There are the set of FD for a Relation R(A, B,C,D,E,F,G) F= (A->B, BC->DE, AEF->G, AC->DE)...

R(A,B,C,D,E,F,G)

Candidate Keys of relation are minimal set of attributes that are uniquely identifying row in the relation.

Method to find candidate keys:

Finding closure: if closure contains all attributes present in the relation then it is candidate key.

This set should be minimal set.

Closure of attribute lists all attributes that are present in the right hand side of current attribute.

Funtional dependencies:

A->B

BC->DE

AEF->G

AC->DE

A closure={A,B} not all attributes listed in the set hence A only is not candidate key.

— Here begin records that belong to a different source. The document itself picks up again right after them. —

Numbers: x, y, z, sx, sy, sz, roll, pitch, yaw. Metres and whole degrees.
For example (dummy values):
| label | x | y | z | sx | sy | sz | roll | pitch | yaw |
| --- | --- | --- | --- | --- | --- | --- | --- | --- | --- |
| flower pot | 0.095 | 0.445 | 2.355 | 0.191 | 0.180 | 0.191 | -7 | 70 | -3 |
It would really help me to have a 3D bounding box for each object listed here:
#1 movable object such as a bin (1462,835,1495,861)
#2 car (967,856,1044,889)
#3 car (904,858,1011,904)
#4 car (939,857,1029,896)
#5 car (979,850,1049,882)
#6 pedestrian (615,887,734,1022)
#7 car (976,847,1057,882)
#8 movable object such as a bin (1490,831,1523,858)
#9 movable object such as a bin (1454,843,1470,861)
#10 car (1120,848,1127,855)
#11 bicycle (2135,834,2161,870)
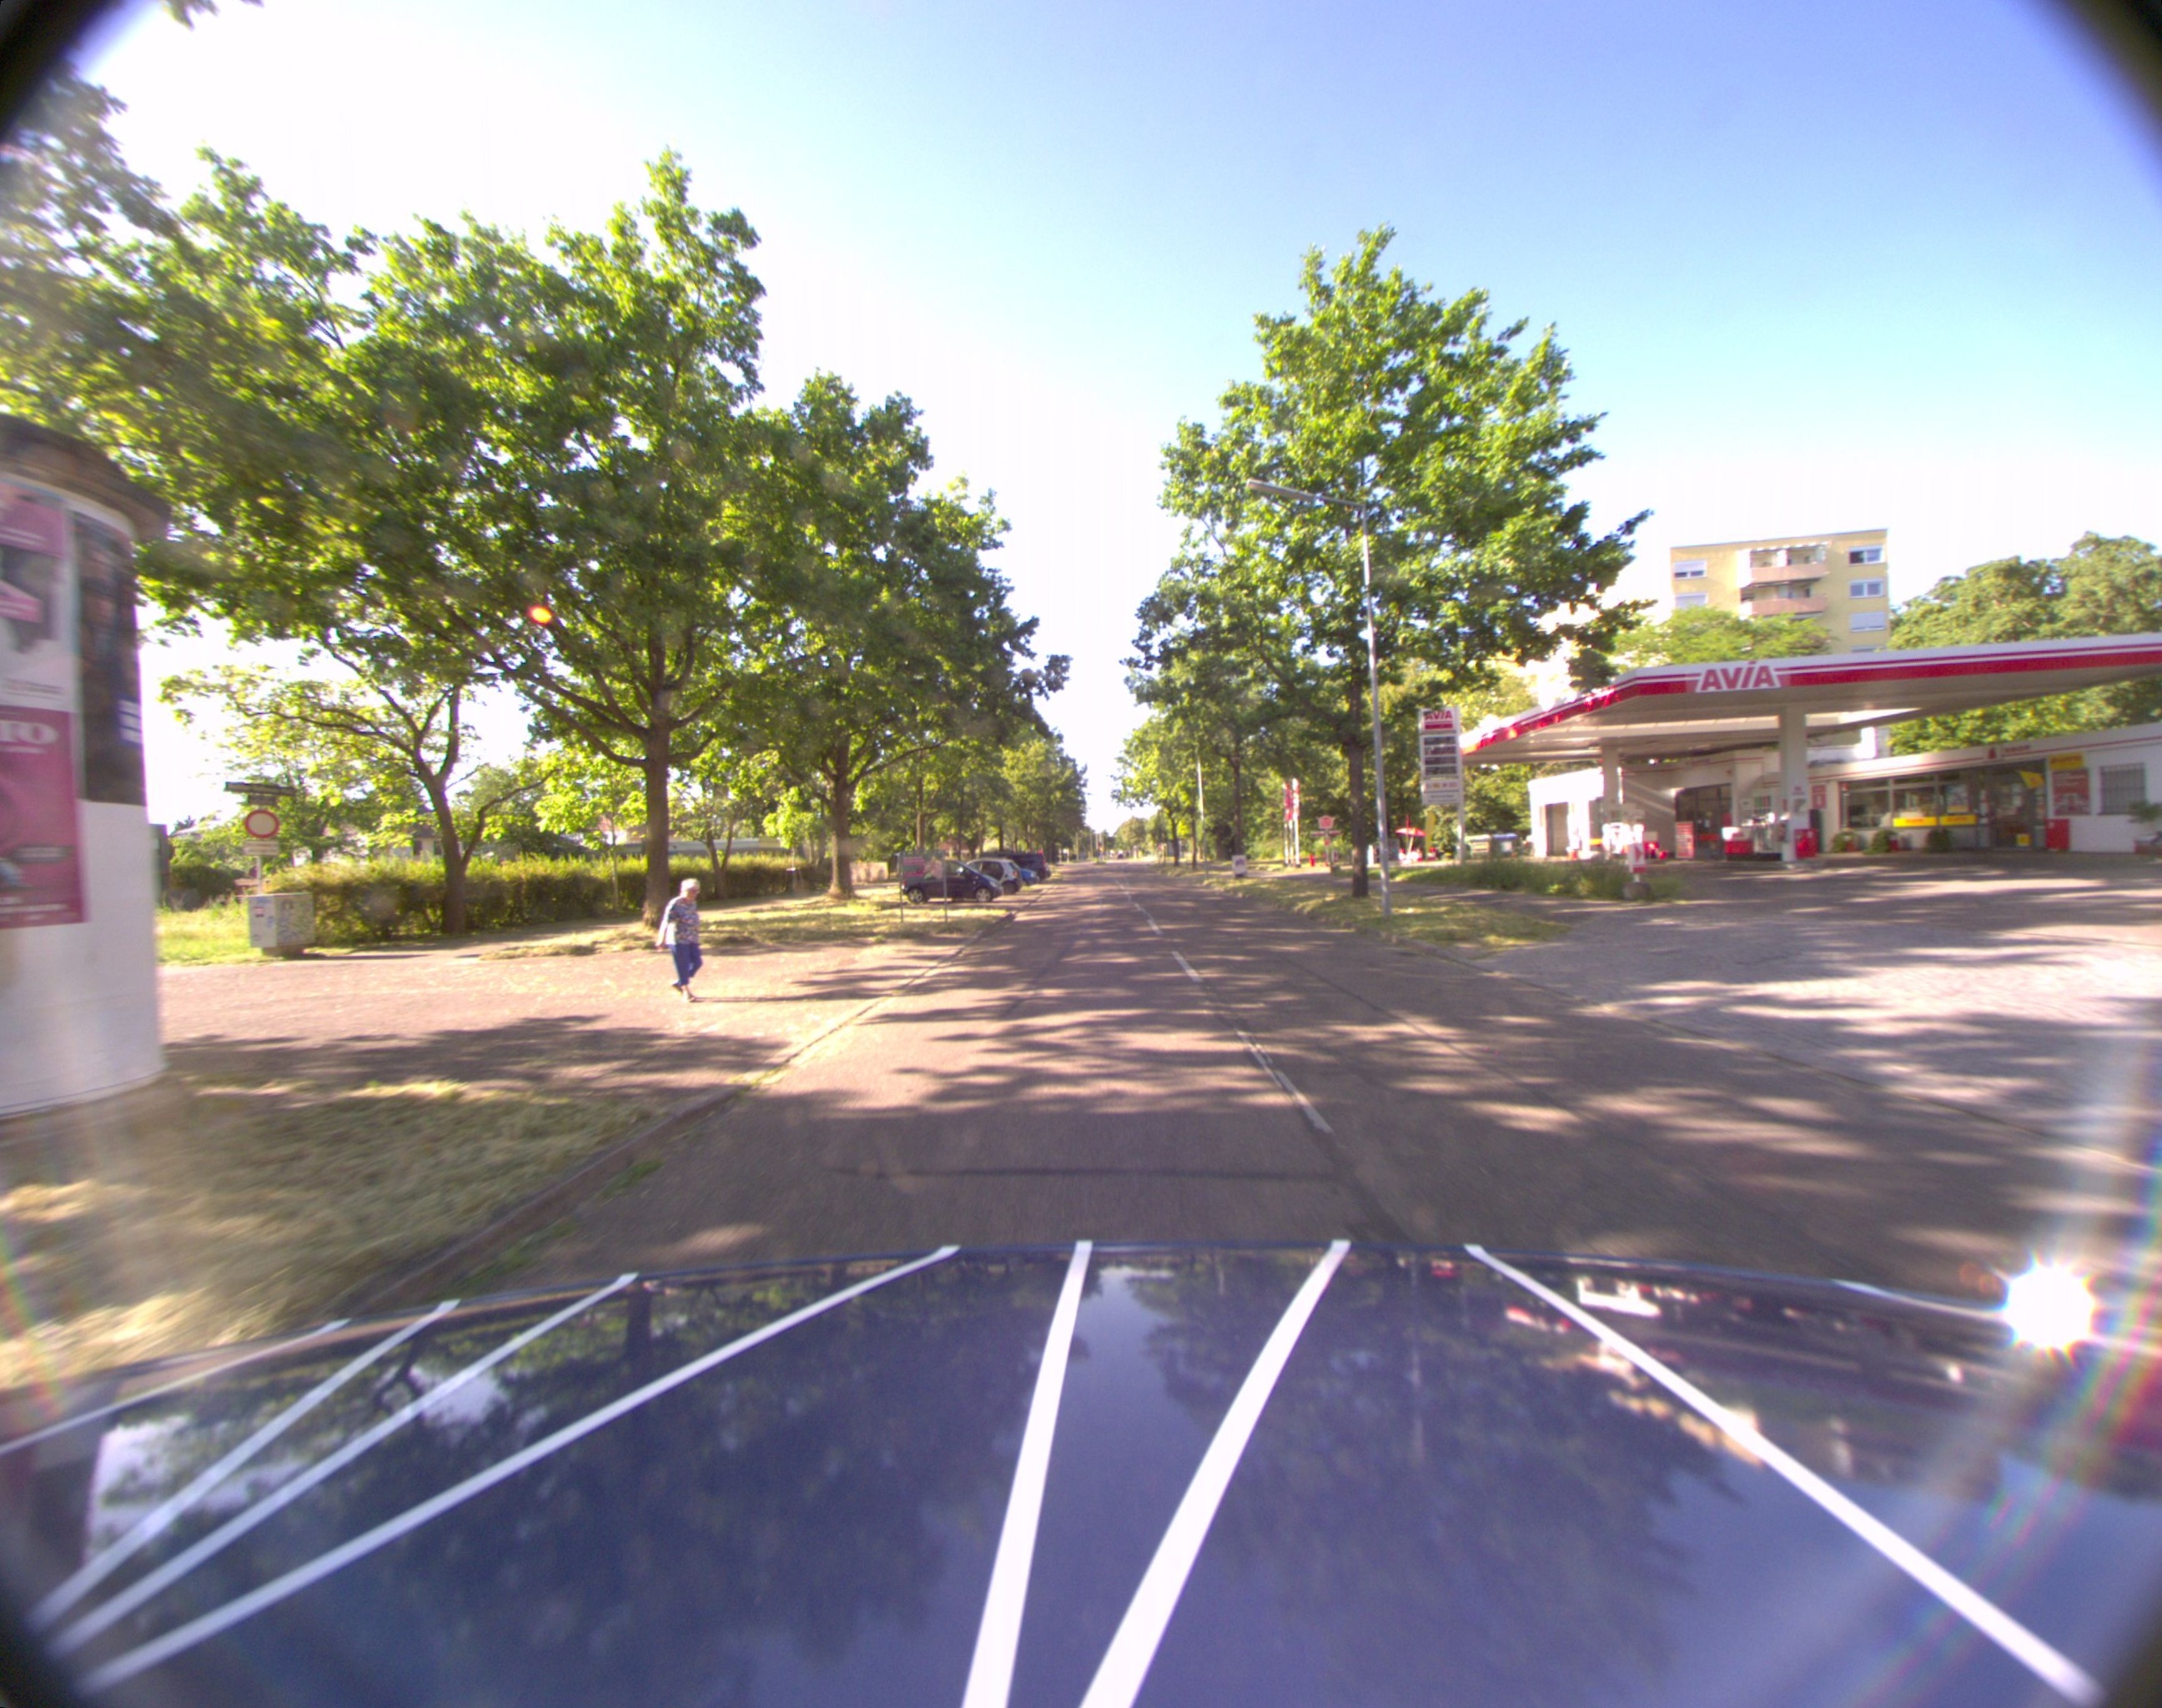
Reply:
| label | x | y | z | sx | sy | sz | roll | pitch | yaw |
| --- | --- | --- | --- | --- | --- | --- | --- | --- | --- |
| movable object such as a bin | 24.063 | -0.371 | 45.972 | 1.307 | 1.533 | 1.268 | -2 | 1 | 2 |
| car | -3.686 | 0.907 | 37.535 | 3.529 | 1.523 | 1.665 | -1 | 1 | 3 |
| car | -4.480 | 0.956 | 27.940 | 3.592 | 1.567 | 1.857 | -1 | 1 | 0 |
| car | -4.158 | 0.939 | 32.869 | 3.592 | 1.567 | 1.786 | -1 | 1 | 3 |
| car | -3.928 | 0.717 | 45.299 | 4.019 | 1.826 | 1.799 | -1 | 1 | -2 |
| pedestrian | -4.938 | 1.167 | 9.243 | 0.941 | 1.491 | 0.887 | -1 | 0 | 30 |
| car | -3.991 | 0.651 | 47.667 | 4.815 | 2.020 | 1.944 | -1 | 1 | 1 |
| movable object such as a bin | 25.672 | -0.580 | 45.839 | 1.307 | 1.533 | 1.164 | -4 | 1 | 2 |
| movable object such as a bin | 23.080 | -0.105 | 46.088 | 0.570 | 1.079 | 0.768 | -2 | 1 | 2 |
| car | 12.857 | -0.647 | 231.518 | 1.904 | 2.082 | 3.641 | 0 | 0 | 1 |
| bicycle | 25.015 | -0.038 | 17.054 | 0.618 | 0.802 | 1.782 | -2 | 0 | 16 |

{ACF} closure =>{ A,C,F,G,B,D,E } all attributes listed in the set hence {ACF} is candidate key.

BDE closure => { B,D,E } not all attributes listed in the set.

Hence, ACF is the candidate key.

b)

Rule for BCNF:

Every functional dependency must have super key on left side.

Super key: set of attributes that are uniquely identifying row in the relation.

Method to find super keys:

Finding closure: if closure contains all attributes present in the relation then it is super key.

Closure of attribute lists all attributes that are present in the right hand side of current attribute.

Funtional dependencies:

A->B

A closure ={ A,B} hence not super key

BC->DE

BC closure ={ B,C } hence not super key

AEF->G

AEF closure ={A,E,F,G,B} hence not super key

AC->DE

AC closure={A,C,B,D,E} hence not super key

Hence, it is not BCNF

C)

3NF:

If a->b is Functional dependency then a and b should not be non-prime attributes. This is rule for 3NF

Candidate Keys of relation are minimal set of attributes that are uniquely identifying row in the relation.

In this set, each attribute is called prime attributes. Attributes which are not belongs to any candidate key are non-prime attributes.

Funtional dependencies:

Candidate key is { A,C,F }

A->B Since A is prime attribute, it is following 3NF

BC->DE it is not following

AEF->G it is not following

AC->DE it is following 3NF

Now 3 NF decomposition:

R(A,B,C,D,E,F,G)

BC->DE not following

Step 1:

Find closure of BC

BC closure={B,C,D,E}

Step 2:

Apart from BC,Extra attributes D,E should be eliminated from R(A,B,C,D,E,F,G)

And should form new relation as follows.

R(A,B,C,D,E,F,G)

Decomposed into

R1(A,B,C,F,G)

R2(B,C,D,E)

Again R1 table should be decomposed to new table as AEF->G it is not following

AEF closure={ A,B,E,F,G}

Apart from AEF, extra attributes B,G should be elimited from R1(A,B,C,F,G)

R(A,B,C,D,E,F,G)

Decomposed into

R1(A,C,F)

R2(B,C,D,E)

R3(A,B,E,F,G)

R3(A,B,E,F,G) no significance B here, hence while decomposition we can leave attribute in the R1 relation.

Finally R(A,B,C,D,E,F,G)

Decomposed into

R1(A,B,C,F)

R2(B,C,D,E)

R3(A,E,F,G)

D)

Lossless join:

Relation should have common attributes with atleast one relation and those attributes should be primary key for one of those relations. Then it is lossless join. Otherwise it is lossy.

R1 and R2 have common BC . BC is key for R2

R1 and R3 have common AEF. AEF is key for R3

Hence it is lossless

Dependency preserving: After decomposition, final relations should follow given functional dependencies.

R1(A,B,C,F) R2(B,C,D,E) R3(A,E,F,G)

A->B : it is followed by R1

BC->DE : it is followed by R2

AEF->G: it is followed by R3

AC->DE

A->B if we apply C on both sides, it becomes AC->BC

R2 follows BC->DE

By transitive law, if AC-> BC and BC->DE then AC->DE

Hence, all functional depencies are followed by decomposed relations. It is dependency preserving.